• **Task goal**:
Only the lines below, from the one with "Nonresident in 1979 to that in 1984?" through the one with "Your answer should be compact. 0.91.", are to be written out, exactly.

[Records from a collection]
•••••
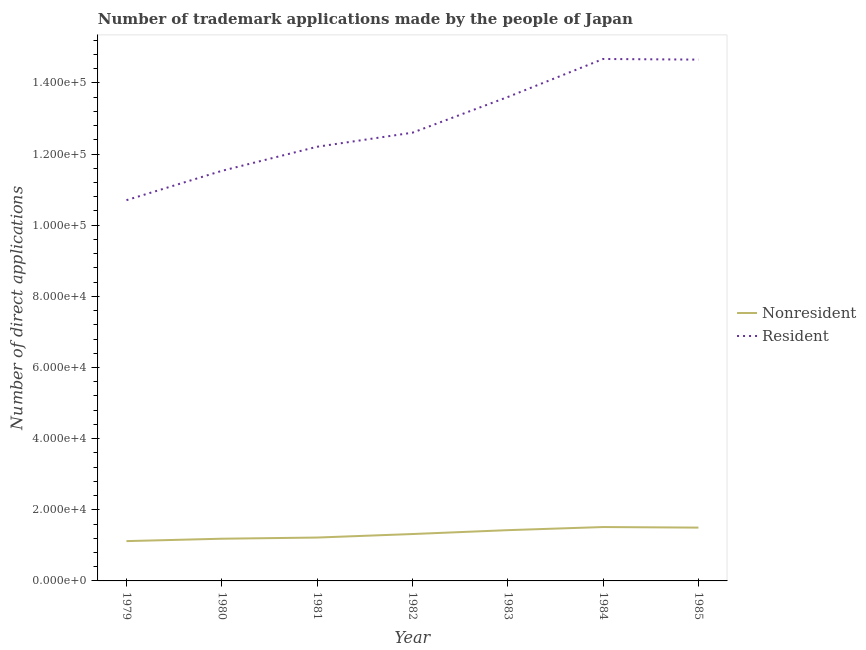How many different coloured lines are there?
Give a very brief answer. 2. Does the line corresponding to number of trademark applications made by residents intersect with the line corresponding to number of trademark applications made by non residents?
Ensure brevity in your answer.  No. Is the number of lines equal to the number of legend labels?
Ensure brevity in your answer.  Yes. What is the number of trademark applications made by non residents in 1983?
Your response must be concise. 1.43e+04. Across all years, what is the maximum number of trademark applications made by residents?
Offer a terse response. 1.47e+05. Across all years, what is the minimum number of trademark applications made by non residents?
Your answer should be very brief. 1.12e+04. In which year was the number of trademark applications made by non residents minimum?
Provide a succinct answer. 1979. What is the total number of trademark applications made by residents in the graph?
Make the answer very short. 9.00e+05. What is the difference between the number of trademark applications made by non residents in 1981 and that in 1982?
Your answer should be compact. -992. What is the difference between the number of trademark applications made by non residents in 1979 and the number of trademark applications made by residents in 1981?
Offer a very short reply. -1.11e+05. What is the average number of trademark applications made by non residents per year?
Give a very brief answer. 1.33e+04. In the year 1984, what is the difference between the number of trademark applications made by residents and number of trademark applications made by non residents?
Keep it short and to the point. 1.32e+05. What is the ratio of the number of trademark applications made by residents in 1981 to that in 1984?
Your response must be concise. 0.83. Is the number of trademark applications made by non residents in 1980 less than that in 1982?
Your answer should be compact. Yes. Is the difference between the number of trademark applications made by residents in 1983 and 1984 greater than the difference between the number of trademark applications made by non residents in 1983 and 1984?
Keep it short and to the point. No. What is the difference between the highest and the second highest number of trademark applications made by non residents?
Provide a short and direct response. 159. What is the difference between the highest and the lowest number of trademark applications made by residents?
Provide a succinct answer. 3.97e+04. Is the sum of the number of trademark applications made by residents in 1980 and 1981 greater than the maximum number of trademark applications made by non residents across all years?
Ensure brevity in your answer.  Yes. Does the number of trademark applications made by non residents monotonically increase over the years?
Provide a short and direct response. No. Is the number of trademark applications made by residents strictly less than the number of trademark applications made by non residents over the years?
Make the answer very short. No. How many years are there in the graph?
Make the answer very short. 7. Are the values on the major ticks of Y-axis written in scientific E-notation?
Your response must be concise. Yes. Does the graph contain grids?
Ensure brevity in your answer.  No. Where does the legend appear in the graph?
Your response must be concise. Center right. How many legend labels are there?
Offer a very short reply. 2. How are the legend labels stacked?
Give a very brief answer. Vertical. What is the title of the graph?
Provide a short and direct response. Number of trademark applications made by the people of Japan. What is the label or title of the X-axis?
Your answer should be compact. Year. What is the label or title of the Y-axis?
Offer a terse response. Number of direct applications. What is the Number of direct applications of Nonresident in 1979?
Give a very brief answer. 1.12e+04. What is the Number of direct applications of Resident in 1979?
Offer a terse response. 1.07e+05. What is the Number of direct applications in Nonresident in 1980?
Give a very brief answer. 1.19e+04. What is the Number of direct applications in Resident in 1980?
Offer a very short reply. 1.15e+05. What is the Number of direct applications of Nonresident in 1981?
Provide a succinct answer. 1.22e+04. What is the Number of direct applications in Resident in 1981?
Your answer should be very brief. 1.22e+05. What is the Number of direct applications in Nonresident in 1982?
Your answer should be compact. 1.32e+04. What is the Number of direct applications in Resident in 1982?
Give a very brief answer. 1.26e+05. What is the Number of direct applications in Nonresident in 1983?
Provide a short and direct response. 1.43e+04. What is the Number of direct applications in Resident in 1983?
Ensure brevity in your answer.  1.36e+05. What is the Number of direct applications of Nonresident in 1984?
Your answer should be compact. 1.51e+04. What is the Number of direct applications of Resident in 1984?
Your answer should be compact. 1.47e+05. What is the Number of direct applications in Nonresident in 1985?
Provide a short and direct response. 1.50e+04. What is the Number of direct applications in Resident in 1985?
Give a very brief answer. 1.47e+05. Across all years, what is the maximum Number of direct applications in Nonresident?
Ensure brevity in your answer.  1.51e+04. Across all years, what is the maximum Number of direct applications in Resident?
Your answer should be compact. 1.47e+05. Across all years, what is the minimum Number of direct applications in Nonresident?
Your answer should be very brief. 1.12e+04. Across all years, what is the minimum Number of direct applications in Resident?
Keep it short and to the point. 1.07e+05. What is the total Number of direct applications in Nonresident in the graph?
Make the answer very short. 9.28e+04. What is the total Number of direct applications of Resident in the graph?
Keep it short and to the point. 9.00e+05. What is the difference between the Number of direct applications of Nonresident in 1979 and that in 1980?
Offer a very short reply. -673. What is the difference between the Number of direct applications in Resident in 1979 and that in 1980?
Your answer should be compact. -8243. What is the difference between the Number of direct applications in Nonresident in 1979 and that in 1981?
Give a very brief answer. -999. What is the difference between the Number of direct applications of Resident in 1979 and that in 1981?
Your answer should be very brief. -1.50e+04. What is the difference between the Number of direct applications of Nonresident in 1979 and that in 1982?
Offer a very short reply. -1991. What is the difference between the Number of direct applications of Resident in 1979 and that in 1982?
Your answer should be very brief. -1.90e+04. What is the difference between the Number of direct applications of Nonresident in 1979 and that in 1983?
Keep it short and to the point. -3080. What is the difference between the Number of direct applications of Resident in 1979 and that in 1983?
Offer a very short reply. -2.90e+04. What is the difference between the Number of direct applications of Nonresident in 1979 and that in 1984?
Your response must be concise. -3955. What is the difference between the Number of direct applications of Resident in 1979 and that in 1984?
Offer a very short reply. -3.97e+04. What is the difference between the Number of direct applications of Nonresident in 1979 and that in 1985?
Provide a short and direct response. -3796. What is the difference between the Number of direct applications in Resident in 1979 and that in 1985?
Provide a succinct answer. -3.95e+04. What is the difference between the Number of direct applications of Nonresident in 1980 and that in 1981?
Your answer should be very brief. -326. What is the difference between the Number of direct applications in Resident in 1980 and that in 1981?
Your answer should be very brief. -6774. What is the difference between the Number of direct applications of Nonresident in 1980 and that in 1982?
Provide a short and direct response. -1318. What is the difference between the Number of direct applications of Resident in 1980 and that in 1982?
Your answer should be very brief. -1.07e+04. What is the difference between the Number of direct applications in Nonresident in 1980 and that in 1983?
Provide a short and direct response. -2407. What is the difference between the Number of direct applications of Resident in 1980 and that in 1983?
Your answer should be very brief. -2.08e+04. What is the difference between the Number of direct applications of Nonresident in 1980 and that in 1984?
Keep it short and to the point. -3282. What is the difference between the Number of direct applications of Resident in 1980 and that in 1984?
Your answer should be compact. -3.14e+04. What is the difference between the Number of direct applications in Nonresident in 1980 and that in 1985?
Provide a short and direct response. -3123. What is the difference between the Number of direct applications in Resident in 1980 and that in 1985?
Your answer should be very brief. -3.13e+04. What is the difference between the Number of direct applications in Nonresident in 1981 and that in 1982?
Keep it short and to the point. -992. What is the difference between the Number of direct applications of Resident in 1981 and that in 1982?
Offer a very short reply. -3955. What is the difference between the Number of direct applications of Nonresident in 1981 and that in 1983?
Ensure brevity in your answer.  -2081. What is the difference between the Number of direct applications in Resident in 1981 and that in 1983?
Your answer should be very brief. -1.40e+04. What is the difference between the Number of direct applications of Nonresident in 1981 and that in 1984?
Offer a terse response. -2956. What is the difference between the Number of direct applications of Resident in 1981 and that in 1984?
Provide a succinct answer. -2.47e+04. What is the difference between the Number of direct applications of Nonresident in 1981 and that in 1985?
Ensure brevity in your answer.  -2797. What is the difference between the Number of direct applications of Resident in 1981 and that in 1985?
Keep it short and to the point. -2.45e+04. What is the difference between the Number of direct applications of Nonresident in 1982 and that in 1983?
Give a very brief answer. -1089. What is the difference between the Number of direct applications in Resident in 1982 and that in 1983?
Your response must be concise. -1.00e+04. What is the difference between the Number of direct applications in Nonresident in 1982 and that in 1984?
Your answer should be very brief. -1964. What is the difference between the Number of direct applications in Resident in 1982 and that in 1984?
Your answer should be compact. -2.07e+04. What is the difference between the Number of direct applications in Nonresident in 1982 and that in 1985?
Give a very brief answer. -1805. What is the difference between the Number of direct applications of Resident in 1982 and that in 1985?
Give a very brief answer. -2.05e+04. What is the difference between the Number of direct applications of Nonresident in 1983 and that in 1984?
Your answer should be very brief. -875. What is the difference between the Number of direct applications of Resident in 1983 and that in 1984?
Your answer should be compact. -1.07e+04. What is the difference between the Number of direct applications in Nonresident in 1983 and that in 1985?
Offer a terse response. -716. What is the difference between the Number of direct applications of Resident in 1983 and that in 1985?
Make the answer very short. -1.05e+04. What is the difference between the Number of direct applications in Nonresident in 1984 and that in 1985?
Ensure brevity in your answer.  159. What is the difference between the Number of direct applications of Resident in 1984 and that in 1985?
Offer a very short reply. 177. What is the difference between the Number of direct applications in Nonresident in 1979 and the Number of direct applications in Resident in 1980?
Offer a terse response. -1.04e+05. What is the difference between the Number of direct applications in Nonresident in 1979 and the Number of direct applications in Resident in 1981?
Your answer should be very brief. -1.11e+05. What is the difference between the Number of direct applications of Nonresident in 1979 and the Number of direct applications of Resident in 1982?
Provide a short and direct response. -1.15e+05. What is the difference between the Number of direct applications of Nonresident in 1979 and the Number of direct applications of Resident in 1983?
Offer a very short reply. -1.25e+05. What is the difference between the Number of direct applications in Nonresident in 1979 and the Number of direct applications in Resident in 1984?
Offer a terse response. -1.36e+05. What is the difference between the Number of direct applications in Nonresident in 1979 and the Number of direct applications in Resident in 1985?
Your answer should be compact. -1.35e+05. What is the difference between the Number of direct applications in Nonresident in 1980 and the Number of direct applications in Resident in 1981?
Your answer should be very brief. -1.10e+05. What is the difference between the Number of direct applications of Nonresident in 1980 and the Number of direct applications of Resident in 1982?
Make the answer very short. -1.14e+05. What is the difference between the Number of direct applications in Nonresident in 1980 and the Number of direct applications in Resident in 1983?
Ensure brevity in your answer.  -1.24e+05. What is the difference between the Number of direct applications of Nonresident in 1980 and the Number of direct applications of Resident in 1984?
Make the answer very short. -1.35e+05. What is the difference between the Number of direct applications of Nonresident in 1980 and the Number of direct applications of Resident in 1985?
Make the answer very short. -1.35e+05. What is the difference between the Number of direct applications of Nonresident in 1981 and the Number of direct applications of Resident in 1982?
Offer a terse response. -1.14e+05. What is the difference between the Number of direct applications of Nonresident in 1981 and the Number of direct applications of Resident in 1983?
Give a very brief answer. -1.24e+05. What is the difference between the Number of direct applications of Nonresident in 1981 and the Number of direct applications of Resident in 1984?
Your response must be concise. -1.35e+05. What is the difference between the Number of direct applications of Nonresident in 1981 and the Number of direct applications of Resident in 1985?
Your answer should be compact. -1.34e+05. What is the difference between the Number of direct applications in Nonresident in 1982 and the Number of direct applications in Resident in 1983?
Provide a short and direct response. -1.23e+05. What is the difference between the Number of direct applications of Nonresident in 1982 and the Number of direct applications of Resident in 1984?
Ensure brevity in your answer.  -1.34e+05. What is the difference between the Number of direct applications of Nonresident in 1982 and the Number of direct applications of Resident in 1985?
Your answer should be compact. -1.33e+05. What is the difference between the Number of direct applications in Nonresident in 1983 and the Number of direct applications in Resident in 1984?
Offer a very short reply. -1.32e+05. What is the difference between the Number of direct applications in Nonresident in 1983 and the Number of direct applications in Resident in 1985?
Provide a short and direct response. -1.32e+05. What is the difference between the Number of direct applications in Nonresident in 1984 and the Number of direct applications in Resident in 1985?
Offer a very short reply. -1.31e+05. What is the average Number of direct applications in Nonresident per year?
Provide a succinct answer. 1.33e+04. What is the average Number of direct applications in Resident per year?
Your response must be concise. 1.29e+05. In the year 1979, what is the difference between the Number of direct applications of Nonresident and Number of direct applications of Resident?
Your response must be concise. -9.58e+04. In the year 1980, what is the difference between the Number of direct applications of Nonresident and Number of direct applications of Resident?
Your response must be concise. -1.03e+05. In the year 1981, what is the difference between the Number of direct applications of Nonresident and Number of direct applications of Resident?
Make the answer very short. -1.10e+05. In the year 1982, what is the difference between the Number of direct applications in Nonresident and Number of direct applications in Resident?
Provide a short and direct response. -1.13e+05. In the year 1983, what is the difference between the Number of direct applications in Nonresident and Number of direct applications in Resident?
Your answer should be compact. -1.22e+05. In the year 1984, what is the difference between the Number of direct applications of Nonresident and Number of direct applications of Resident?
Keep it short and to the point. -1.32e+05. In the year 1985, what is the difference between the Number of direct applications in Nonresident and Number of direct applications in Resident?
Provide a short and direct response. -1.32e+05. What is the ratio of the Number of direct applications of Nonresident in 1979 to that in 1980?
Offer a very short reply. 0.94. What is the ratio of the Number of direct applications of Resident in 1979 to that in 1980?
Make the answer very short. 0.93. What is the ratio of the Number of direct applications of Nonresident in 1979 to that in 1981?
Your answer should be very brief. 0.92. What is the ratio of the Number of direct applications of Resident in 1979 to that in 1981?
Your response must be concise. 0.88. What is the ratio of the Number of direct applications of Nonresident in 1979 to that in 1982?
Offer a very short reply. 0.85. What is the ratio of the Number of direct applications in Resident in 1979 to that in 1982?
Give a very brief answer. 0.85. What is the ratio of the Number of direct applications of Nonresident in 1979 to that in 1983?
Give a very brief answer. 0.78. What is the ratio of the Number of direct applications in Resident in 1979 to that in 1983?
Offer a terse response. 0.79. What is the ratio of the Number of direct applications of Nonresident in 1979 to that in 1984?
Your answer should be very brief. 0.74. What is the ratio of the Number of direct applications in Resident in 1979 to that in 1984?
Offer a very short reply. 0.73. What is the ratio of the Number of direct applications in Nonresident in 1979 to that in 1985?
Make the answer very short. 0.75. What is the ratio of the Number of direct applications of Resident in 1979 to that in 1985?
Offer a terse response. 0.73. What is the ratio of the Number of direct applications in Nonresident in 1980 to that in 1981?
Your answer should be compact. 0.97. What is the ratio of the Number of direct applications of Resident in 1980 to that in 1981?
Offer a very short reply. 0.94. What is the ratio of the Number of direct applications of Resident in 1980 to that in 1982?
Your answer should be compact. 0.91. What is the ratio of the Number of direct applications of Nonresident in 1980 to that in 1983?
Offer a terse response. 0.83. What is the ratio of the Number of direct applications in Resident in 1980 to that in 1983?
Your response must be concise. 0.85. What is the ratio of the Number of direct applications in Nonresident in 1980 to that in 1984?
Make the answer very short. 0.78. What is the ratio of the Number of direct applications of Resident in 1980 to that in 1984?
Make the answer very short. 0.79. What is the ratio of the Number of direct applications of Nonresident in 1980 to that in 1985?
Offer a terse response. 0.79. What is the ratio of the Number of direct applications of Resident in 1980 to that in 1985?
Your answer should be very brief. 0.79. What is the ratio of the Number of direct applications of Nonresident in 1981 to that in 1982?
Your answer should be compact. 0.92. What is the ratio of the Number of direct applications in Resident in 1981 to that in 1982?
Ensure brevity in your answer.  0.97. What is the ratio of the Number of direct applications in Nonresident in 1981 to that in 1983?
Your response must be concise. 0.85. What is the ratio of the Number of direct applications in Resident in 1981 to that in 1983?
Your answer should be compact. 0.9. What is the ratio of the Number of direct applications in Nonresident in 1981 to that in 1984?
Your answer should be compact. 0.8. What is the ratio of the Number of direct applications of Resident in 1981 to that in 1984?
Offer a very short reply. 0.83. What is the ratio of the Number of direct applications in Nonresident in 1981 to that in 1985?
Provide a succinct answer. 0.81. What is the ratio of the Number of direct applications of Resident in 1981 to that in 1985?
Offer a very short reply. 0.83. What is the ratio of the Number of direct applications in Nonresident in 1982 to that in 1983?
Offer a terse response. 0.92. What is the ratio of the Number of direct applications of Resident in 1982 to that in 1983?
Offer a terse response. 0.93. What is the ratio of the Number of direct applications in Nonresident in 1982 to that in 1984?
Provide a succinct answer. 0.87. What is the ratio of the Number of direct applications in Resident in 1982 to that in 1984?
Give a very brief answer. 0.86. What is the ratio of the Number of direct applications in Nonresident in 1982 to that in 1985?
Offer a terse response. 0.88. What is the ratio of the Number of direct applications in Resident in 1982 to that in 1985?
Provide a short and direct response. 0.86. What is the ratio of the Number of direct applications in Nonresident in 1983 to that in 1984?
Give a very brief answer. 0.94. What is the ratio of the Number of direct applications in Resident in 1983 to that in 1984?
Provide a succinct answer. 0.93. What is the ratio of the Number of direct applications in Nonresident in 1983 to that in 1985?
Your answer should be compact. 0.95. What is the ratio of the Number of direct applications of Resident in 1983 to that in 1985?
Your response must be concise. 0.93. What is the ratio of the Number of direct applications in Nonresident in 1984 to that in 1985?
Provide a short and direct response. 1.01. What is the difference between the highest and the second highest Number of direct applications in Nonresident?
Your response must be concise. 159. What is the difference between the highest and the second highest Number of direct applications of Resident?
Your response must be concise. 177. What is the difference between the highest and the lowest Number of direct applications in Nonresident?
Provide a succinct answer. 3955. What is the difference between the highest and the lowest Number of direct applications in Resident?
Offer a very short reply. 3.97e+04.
•••••
• **Answer space**:
Offer a terse response. 0.79. What is the ratio of the Number of direct applications of Nonresident in 1979 to that in 1984?
Your answer should be very brief. 0.74. What is the ratio of the Number of direct applications in Resident in 1979 to that in 1984?
Offer a very short reply. 0.73. What is the ratio of the Number of direct applications in Nonresident in 1979 to that in 1985?
Make the answer very short. 0.75. What is the ratio of the Number of direct applications of Resident in 1979 to that in 1985?
Offer a terse response. 0.73. What is the ratio of the Number of direct applications in Nonresident in 1980 to that in 1981?
Your answer should be compact. 0.97. What is the ratio of the Number of direct applications of Resident in 1980 to that in 1981?
Offer a very short reply. 0.94. What is the ratio of the Number of direct applications of Resident in 1980 to that in 1982?
Your answer should be compact. 0.91. What is the ratio of the Number of direct applications of Nonresident in 1980 to that in 1983?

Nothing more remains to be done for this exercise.